O Livre não abre espaço particular para a discussão do desporto, mas insere o desporto em dois eixos norteadores do seu programa político. Para o partido, o desporto cabe no capítulo dedicado à Habitação e Espaço Público e também no capítulo da Saúde. Para combater a segregação urbana, entende que se deve optar por uma “ação integrada que dá prioridade à consolidação urbana e melhoria de áreas já ocupadas mas desestruturadas” de forma a completar a oferta de serviços disponíveis, nomeadamente através de campos desportivos. Em paralelo, quer “promover a saúde e prevenir a doença” e um dos caminhos para o conseguir é “promovendo a prática da atividade física e desportiva em todas as idades, reforçando nas escolas a importância da disciplina de Educação Física e o Desporto Escolar”.

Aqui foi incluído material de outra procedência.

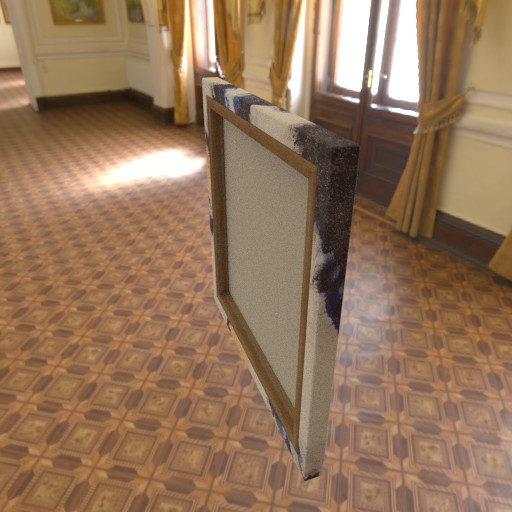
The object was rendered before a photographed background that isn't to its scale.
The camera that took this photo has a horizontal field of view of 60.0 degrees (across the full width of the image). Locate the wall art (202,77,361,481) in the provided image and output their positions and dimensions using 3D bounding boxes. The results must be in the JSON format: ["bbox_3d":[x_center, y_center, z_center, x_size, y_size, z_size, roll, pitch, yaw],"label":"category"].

Os restantes partidos políticos com assento parlamentar na última legislatura pouca ou nenhuma preocupação política demonstram ter com o desporto. No compromisso eleitoral do CDS, o desporto é mencionado no capítulo dedicado à educação. O partido refere “valorizar o desporto na atividade escolar pela sua importância no desenvolvimento pessoal e na saúde pública” e “reforçar verbas para o desporto de alto rendimento”, mas não apresenta nenhuma medida concreta em nenhum dos sentidos. O partido político Chega incluí o desporto no seu programa político para reclamar a autonomia das instituições. O programa eleitoral da Iniciativa Liberal tem 614 páginas e menciona a palavra “desporto” apenas três vezes, mas nenhuma afunilada ao tópico. Também as menções do PSD ao desporto são laterais e incidem sobre o envelhecimento ativo e da garantia ao nível do transporte.

Num país envelhecido e que não se faz conhecer pela prática regular de exercício físico e cujos clubes associativos e de base vivem em permanentes dificuldades e num país que vive o desporto no singular – com o futebol – ao invés do plural, os eleitores e os cidadãos devem exigir mais aos seus representantes políticos, e o desporto deve ser tópico incontornável nas discussões futuras.